I power on the machine, it successuflly goes through initialization, and finally arrives at SRM prompt "P00>>>". I can type commands etc, all looks OK.  A while later I go back to that terminal and there is no response.  Because of access problems, I don't know at this point what the system display is saying.  I can get to the RMC console and that works fine. "status" and "env" both produce results that one would expect for a healthy system, with the possible exception that the last alert was "AC loss", as you can see below. Also "show power" at SRM console shows no problems. SInce I don't yet have Tru64 running on this machine, I don't know if only the console is failing, or it the console is just a symtom...


I upgraded the Firmware to 7.2-1.


if I use the RMC function "reset" to re-init the system, the SRC console "wakes up" again for a while, until the next time it decides to die.  The timing seems to be unpredictable.


A RMC "halt in", "halt out" does not help.  I have cleared the last RMC alert and am waiting for the next console death.


Does anyone have an idea what the cause of this problem might be?

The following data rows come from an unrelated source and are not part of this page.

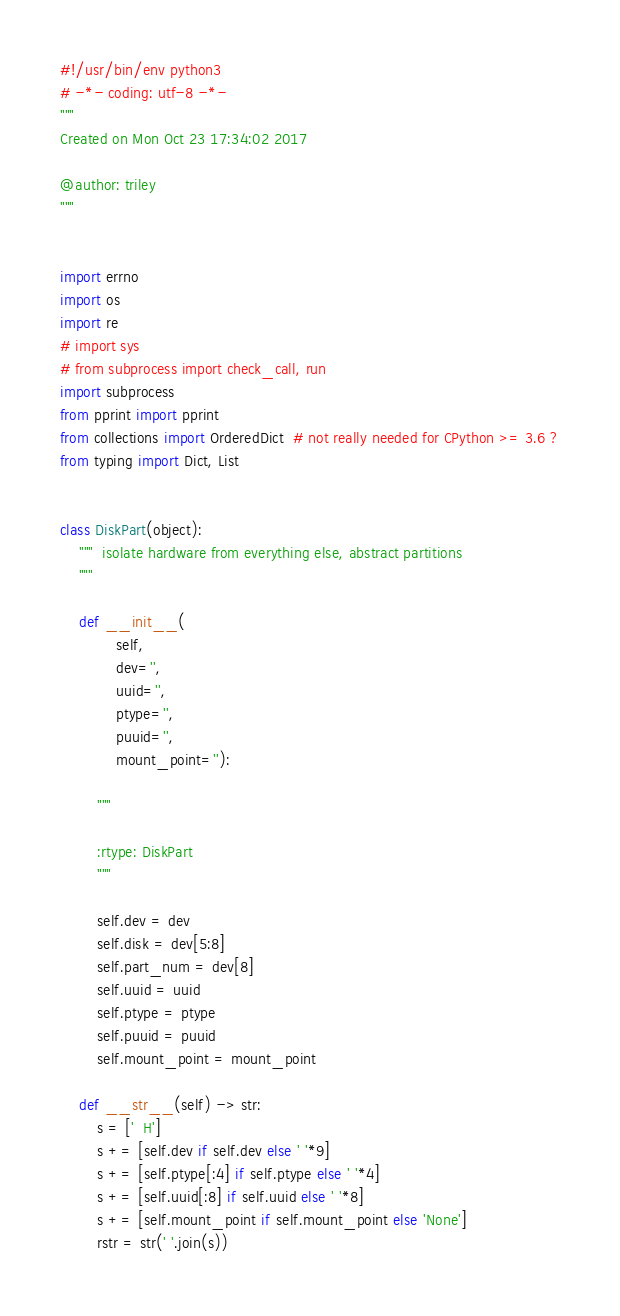<code> <loc_0><loc_0><loc_500><loc_500><_Python_>#!/usr/bin/env python3
# -*- coding: utf-8 -*-
"""
Created on Mon Oct 23 17:34:02 2017

@author: triley
"""


import errno
import os
import re
# import sys
# from subprocess import check_call, run
import subprocess
from pprint import pprint
from collections import OrderedDict  # not really needed for CPython >= 3.6 ?
from typing import Dict, List


class DiskPart(object):
    """  isolate hardware from everything else, abstract partitions
    """

    def __init__(
            self,
            dev='',
            uuid='',
            ptype='',
            puuid='',
            mount_point=''):

        """

        :rtype: DiskPart
        """

        self.dev = dev
        self.disk = dev[5:8]
        self.part_num = dev[8]
        self.uuid = uuid
        self.ptype = ptype
        self.puuid = puuid
        self.mount_point = mount_point

    def __str__(self) -> str:
        s = ['  H']
        s += [self.dev if self.dev else ' '*9]
        s += [self.ptype[:4] if self.ptype else ' '*4]
        s += [self.uuid[:8] if self.uuid else ' '*8]
        s += [self.mount_point if self.mount_point else 'None']
        rstr = str(' '.join(s))</code> 
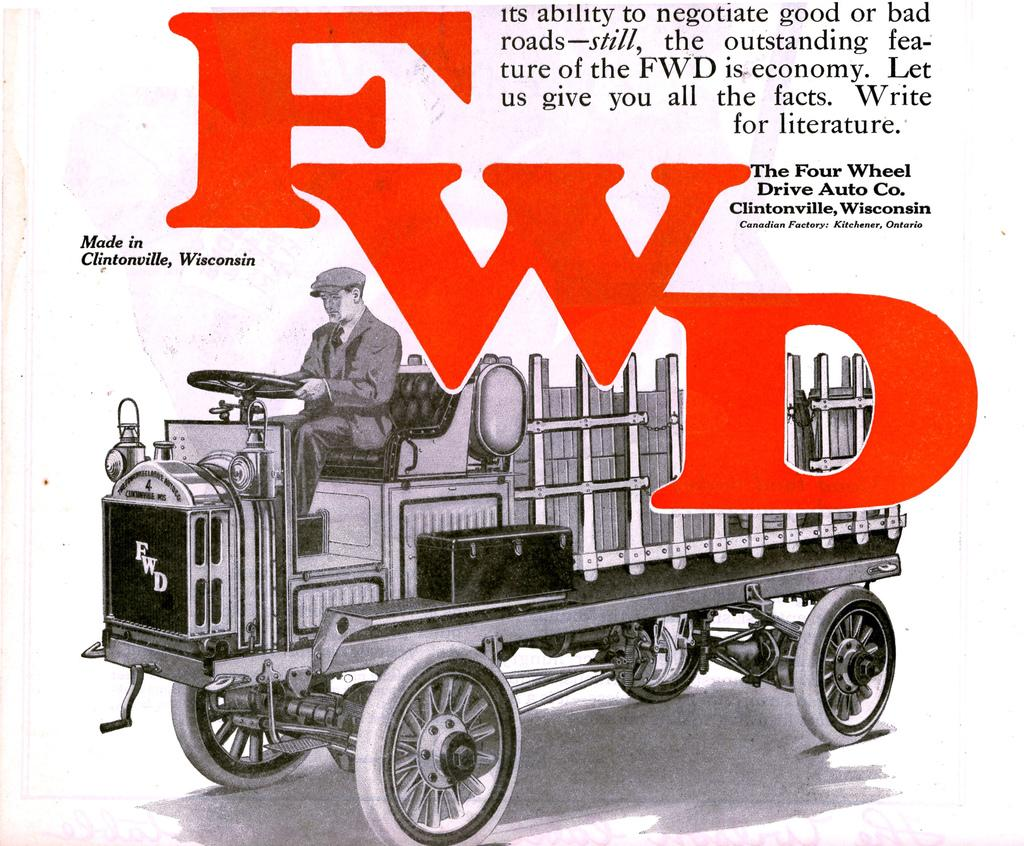What type of visual is the image? The image is a poster. What is featured on the poster? The poster contains a painting. What colors are used for the text on the poster? There are red color letters and black color texts on the poster. What is happening in the painting? The painting depicts a person driving a vehicle. What is the color of the background in the painting? The background of the painting is white in color. What sound does the queen make while playing chess on the board in the image? There is no queen, chessboard, or sound present in the image. The image features a painting of a person driving a vehicle with a white background. 
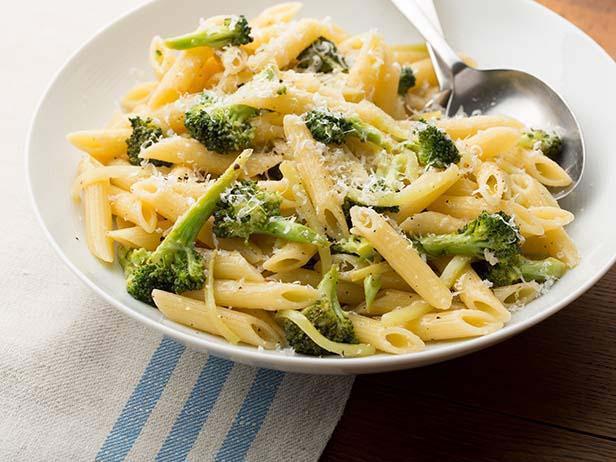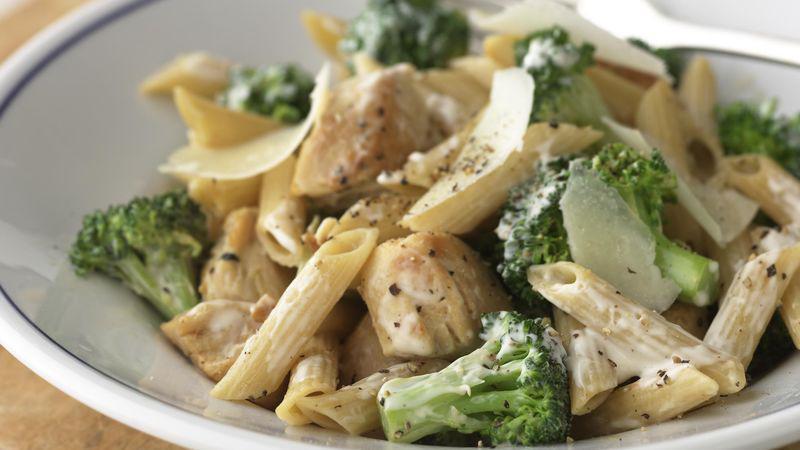The first image is the image on the left, the second image is the image on the right. For the images displayed, is the sentence "An image shows a round bowl of broccoli and pasta with a silver serving spoon inserted in it." factually correct? Answer yes or no. Yes. The first image is the image on the left, the second image is the image on the right. Given the left and right images, does the statement "The bowl in the image on the left is white and round." hold true? Answer yes or no. Yes. 
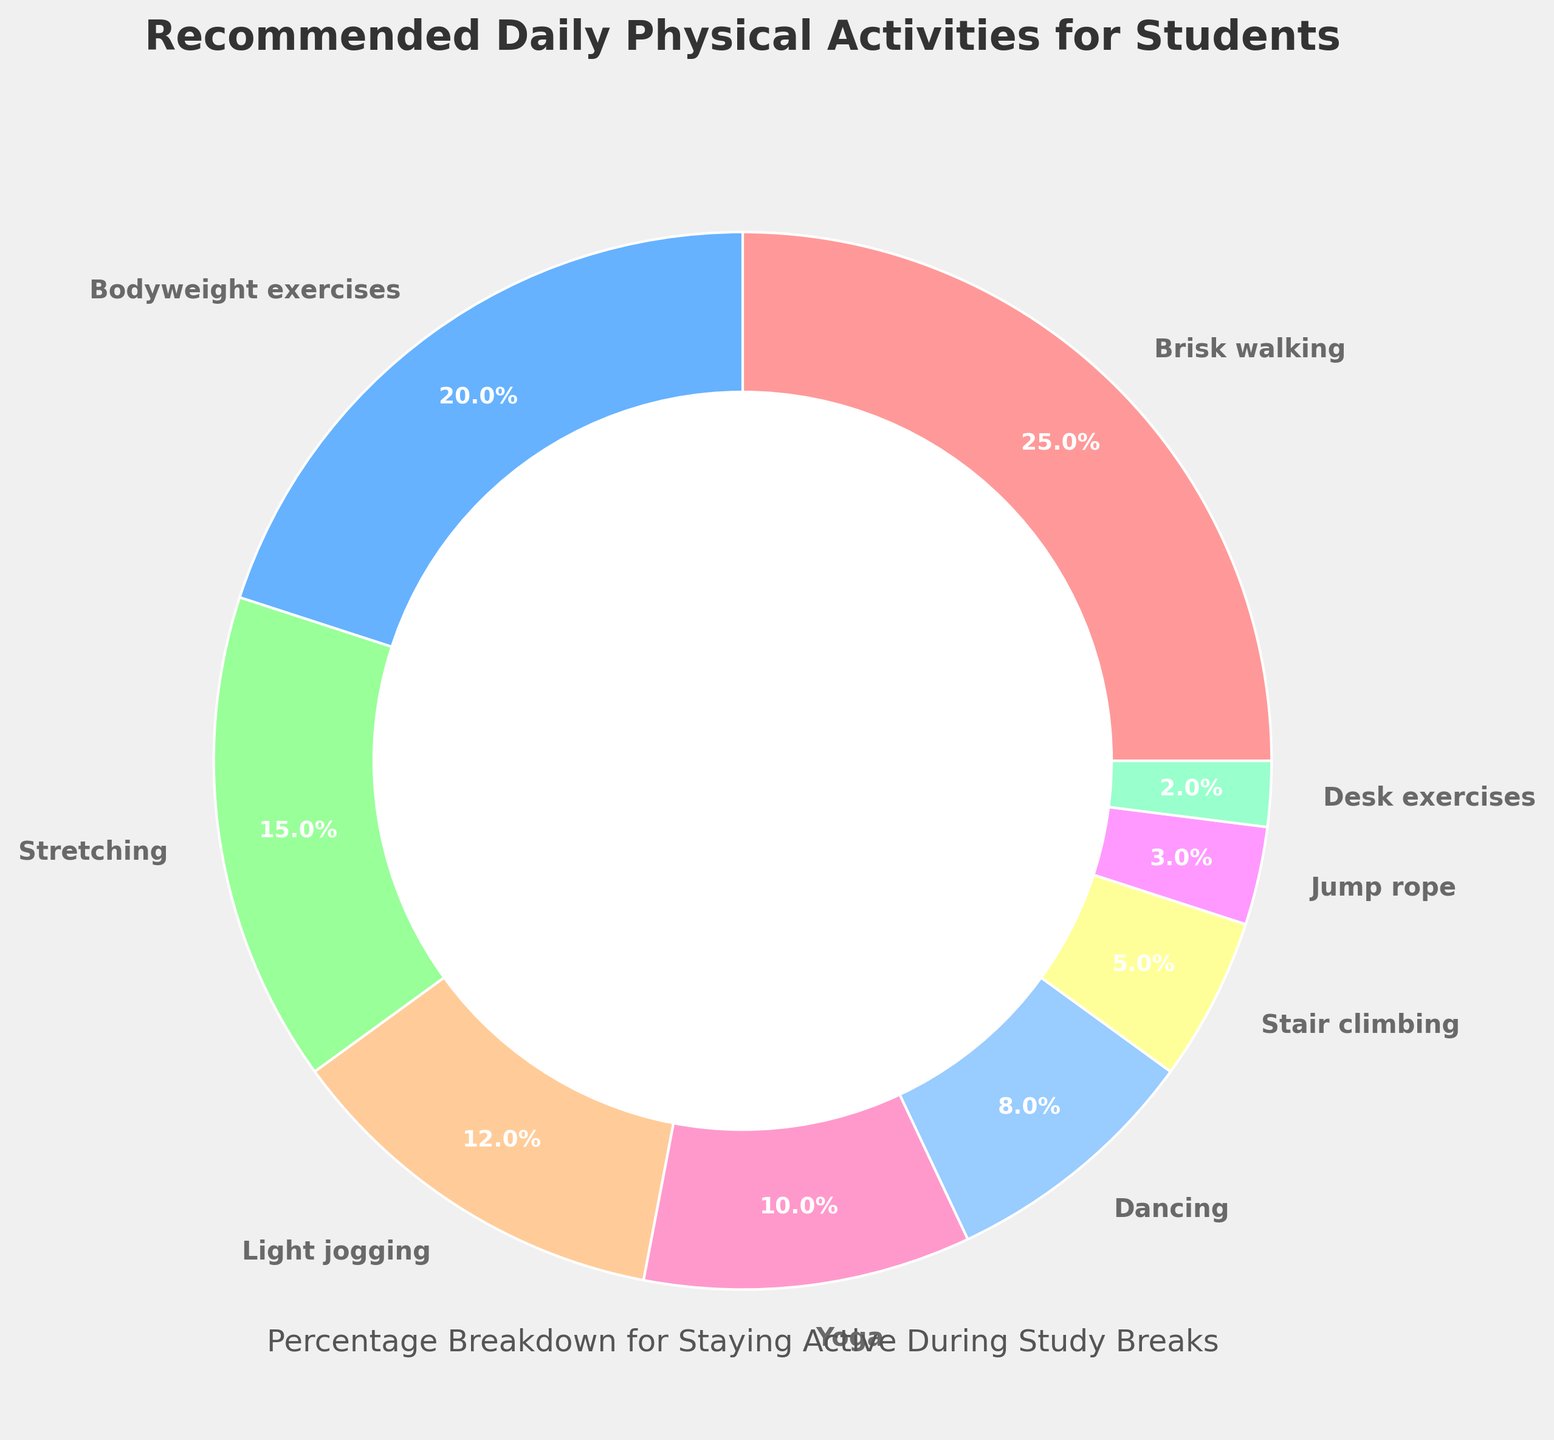Which activity type has the highest percentage? By observing the chart, the activity with the largest wedge is identified.
Answer: Brisk walking Which two activity types have the smallest percentages and what are their combined percentages? Look for the smallest wedges in the pie chart which are Desk exercises and Jump rope, then sum their percentages.
Answer: Desk exercises and Jump rope, 5% What is the total percentage contributed by Bodyweight exercises, Stretching, and Light jogging? Sum the percentages of Bodyweight exercises (20%), Stretching (15%), and Light jogging (12%).
Answer: 47% Is the percentage of Dancing greater or less than the percentage of Stair climbing? Compare the size of the wedges representing Dancing (8%) and Stair climbing (5%).
Answer: Greater Which color represents Yoga and how much percentage does it contribute? Identify the color associated with Yoga (10%) in the legend of the pie chart.
Answer: Light purple, 10% How does the percentage of Stretching compare with the combined percentage of Desk exercises and Jump rope? Compare the percentage of Stretching (15%) with the sum of Desk exercises (2%) and Jump rope (3%).
Answer: Greater What percentage of activities involve exercises that can be done at a desk? Identify Desk exercises from the chart and note its contribution.
Answer: 2% Which activity types together make up more than 50% of the chart? List the activities with the highest percentages until their sum exceeds 50%, i.e., Brisk walking (25%) and Bodyweight exercises (20%) and Stretching (15%).
Answer: Brisk walking, Bodyweight exercises, and Stretching How do the combined percentages of Yoga and Dancing compare with the percentage of Brisk walking? Sum the percentages of Yoga (10%) and Dancing (8%) and compare with Brisk walking (25%).
Answer: Less If another activity were added with a percentage of 10%, what would the new total percentage for all activities be? Sum all the existing percentages (100%) and add the new activity's percentage (10%).
Answer: 110% 
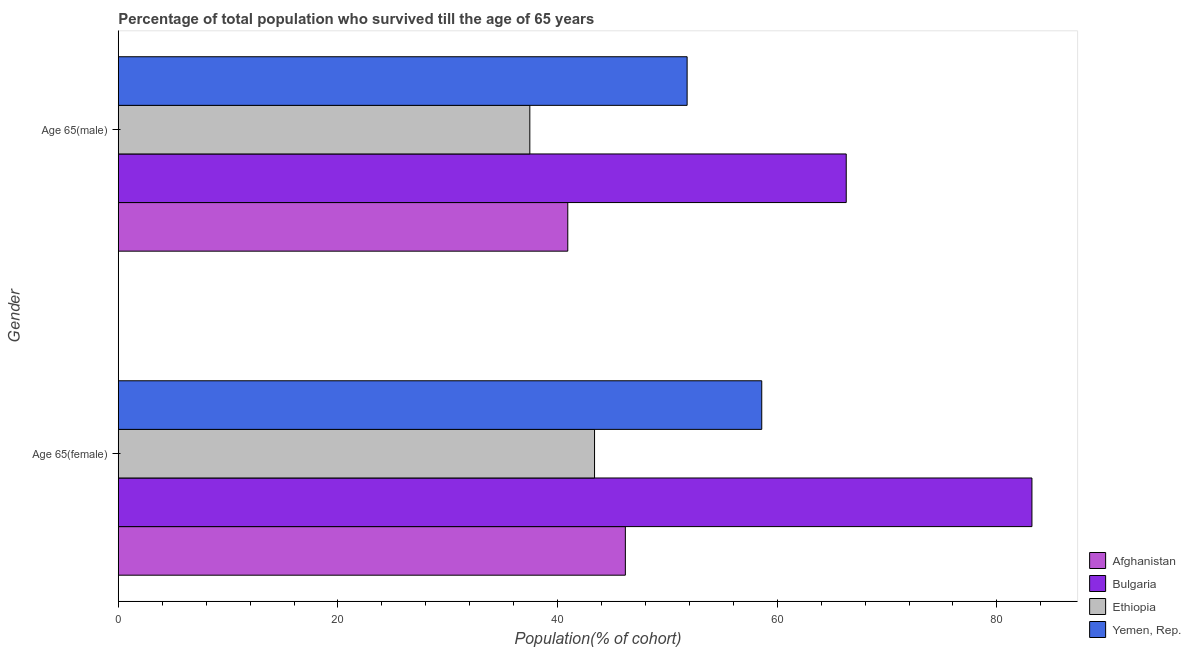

------------------------------- RMC env and status ------------------------------


On-Chip Firmware Revision: V1.0
Flash Firmware Revision: V2.7
Server Power: ON
System Halt: Deasserted
RMC Power Control: ON
Escape Sequence: ^[^[RMC
Remote Access: Disabled
RMC Password: not set
Alert Enable: Disabled
Alert Pending: YES
Init String:
Dial String:
Alert String:
Com1_mode: THROUGH
Last Alert: AC loss
Logout Timer: 20 minutes
User String:


       System Hardware Monitor

Temperature (warnings at 45.0 C, power-off at 50.0 C)
    CPU0: 24.0 C    CPU1: 24.0 C    CPU2: 27.0 C    CPU3: 22.0 C
    Zone0: 27.0 C    Zone1: 29.0 C    Zone2: 28.0 C
    Fan1: 2205    Fan2: 2205    Fan3: 2235
    Fan4: 2149    Fan5: OFF     Fan6: 2020
Power Supply(OK, FAIL, OFF, '----' means not present)
    PS0 : OK      PS1 : OK      PS2 : ----
    CPU0: OK      CPU1: OK      CPU2: OK      CPU3: OK 
CPU CORE voltage
    CPU0: +1.600V    CPU1: +1.600V    CPU2: +1.616V    CPU3: +1.616V
CPU IO voltage
    CPU0: +1.488V    CPU1: +1.488V    CPU2: +1.504V    CPU3: +1.504V
Bulk voltage
    +3.3V Bulk: +3.328V    +5V Bulk: +5.103V   +12V Bulk: +12.160V
         Vterm: +1.776V       Cterm: +2.000V   -12V Bulk: -12.288V


-------------------------- show power from SRM --------------------------------

P00-top>>>show power
  Power Supply 0         Good
  Power Supply 1         Good
  Power Supply 2         Not Available
  System Fan 1           Good
  System Fan 2           Good
  System Fan 3           Good
  System Fan 4           Good
  System Fan 5           Good
  System Fan 6           Good
  CPU 0 Temperature      Good
  CPU 1 Temperature      Good
  CPU 2 Temperature      Good
  CPU 3 Temperature      Good
  Zone 0 Temperature     Good
  Zone 1 Temperature     Good
  Zone 2 Temperature     Good

...and some more information: the console is just a symptom. The machine is dying, and will be swapped for another ES40.